Eux, ils crèchent dans l’ancienne carrière de Fontblanche, en bordure de Cassis, en bordure de la vie. Ce sont là des baraques de fortune en tôle et bois, adossées les unes aux autres, leurs toits frisant le casse-gueule. Quelques feux sont allumés pour la tambouille, le linge sèche pépère sous les rayons chatoyants, une bassine d’eau pour toute toilette, un mobilier de hasard. Ça casse graine sur de petites tables fabrication maison. Du rustique qui tient le coup. On s’arrange comme on peut, sans rechigner.

La parole se livre au compte-gouttes dans ce remarquable film de Sonia Kichah. La réalisatrice filme le quotidien, sollicite les souvenirs, réactive doucement les mémoires retorses, réveille l’absence des femmes.
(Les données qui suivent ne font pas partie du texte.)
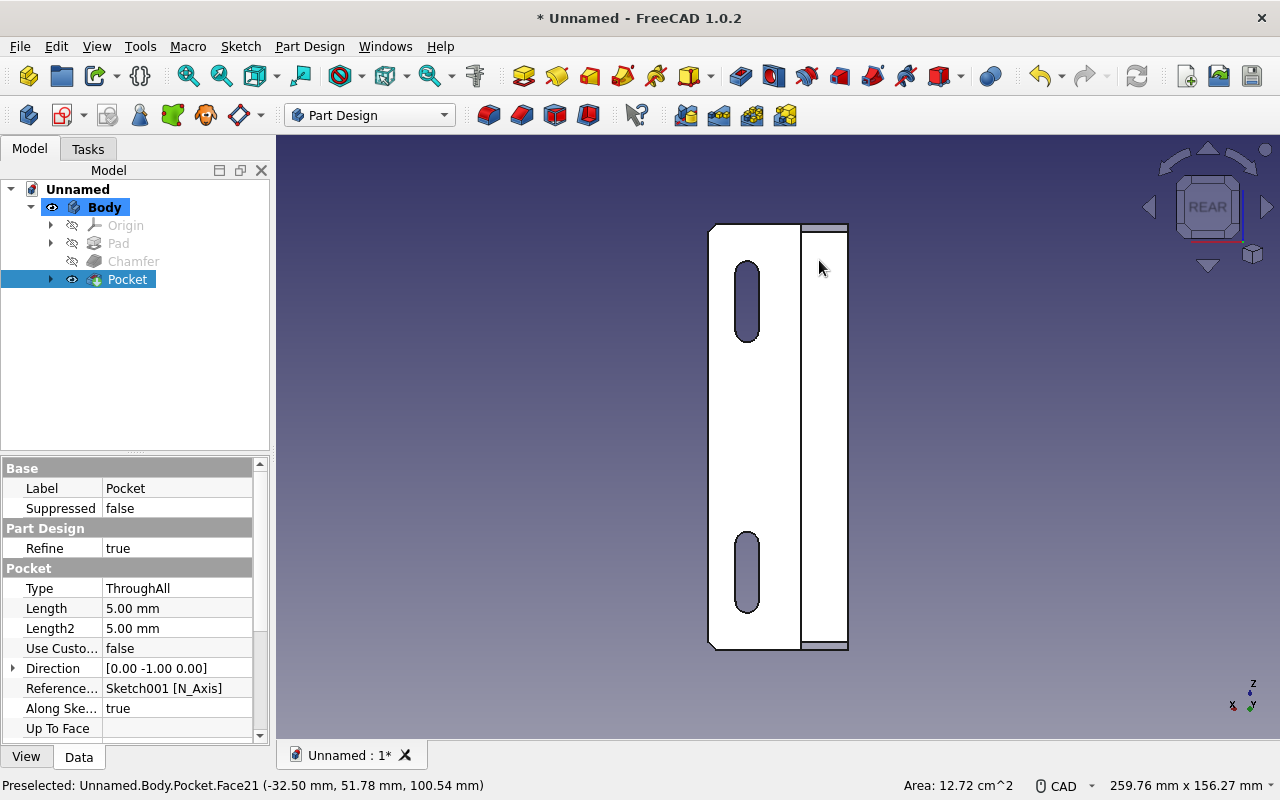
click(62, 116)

Elle prend son temps sur des menus détails qui emplissent les semaines, les mois, les années. Des haricots la vie. L’eau, le feu, la terre. Les travaux des jours pour ces presque tous retraités. Après quatre décennies, engluée dans cette terre bien partagée, cette petite communauté doit être enfin (re)logée. À chacun son studio. En attendant, les hommes emménagent les uns en mobile-home, les autres dans un hôtel requis pour cause. Le départ du campement se vit dans l’interrogation, la hantise des séparations. C’est là un changement radical du mode de vie qui s’annonce.
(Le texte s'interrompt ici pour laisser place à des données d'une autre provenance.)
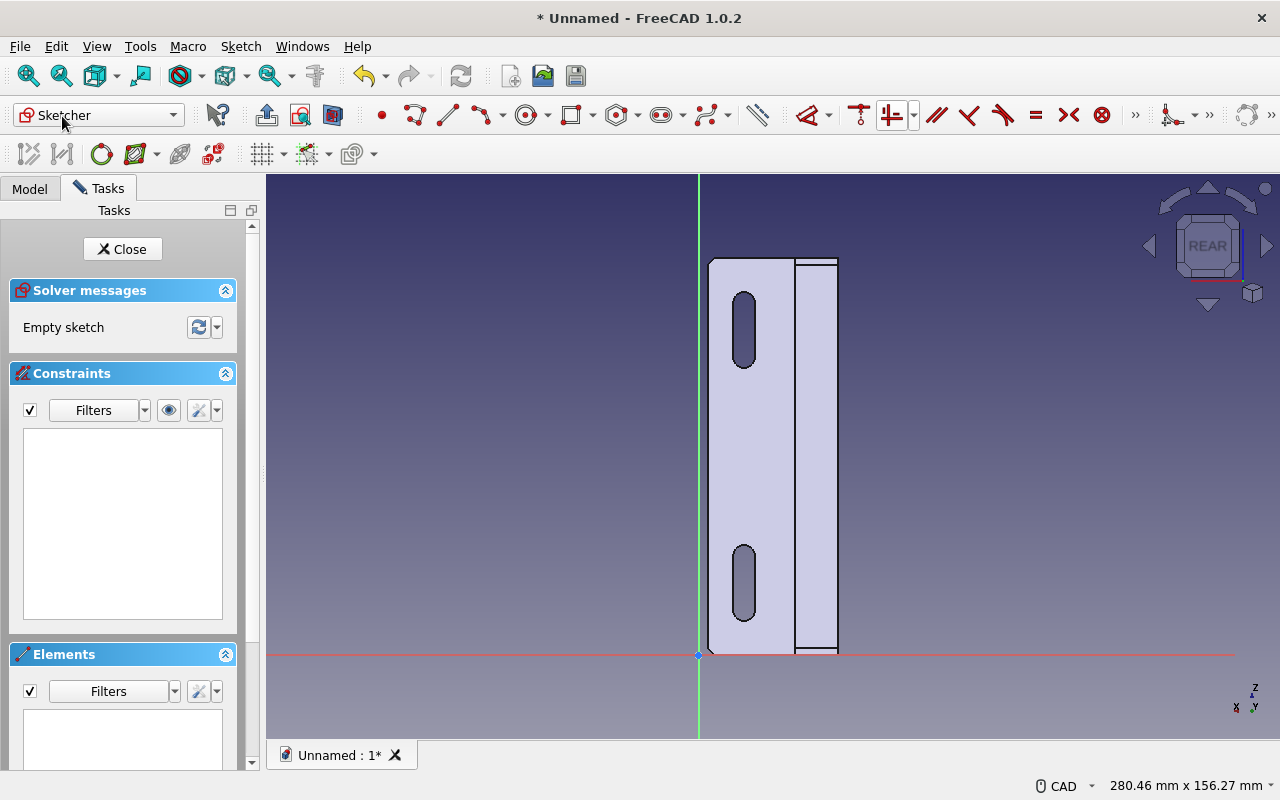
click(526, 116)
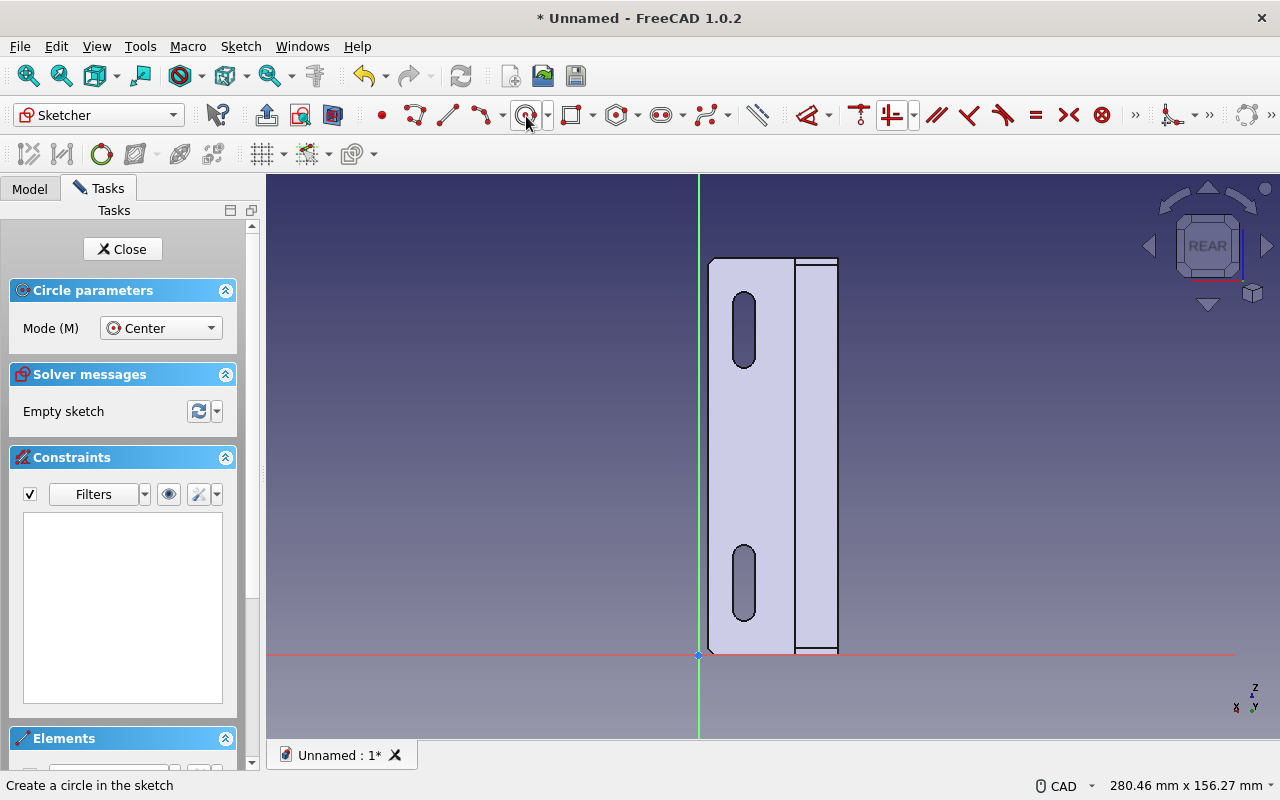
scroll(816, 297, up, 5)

De l’air libre à la boîte hermétique que représente le mobile-home. De la promiscuité à l’isolement. Chacun chez soi, et volets clos. De quoi avoir les foies, se montrer réticent. D’autant que ce relogement est mal perçu par les habitants du cru. Balle peau pour les soucis d’humanisme. Bienvenue en Côte d’Azur. Certains sont là depuis à peine quelques années, sûrement pas depuis quarante ans ; ça ne les empêche pas d’exprimer leur arrogance devant «des étrangers». Ça cause insécurité quand jamais une infraction ou un délit n’ont été enregistrés. Faut reconnaître qu’ils sont franchement basanés. Et puis quatre-vingt-treize, c’est trop, c’est beaucoup trop. Du racisme qui ne dit pas son nom à l’égard d’ouvriers qualifiés qui ont attendu d’être vieillards pour être logés décemment. In fine, dix-huit mois plus tard, sur les quatre-vingt-treize Tunisiens, neuf d’entre eux ont renoncé et sont repartis à Mareh, un est décédé, dix ont demandé la nationalité française. Pas sûr qu’ils l’obtiennent avant la saint-glinglin.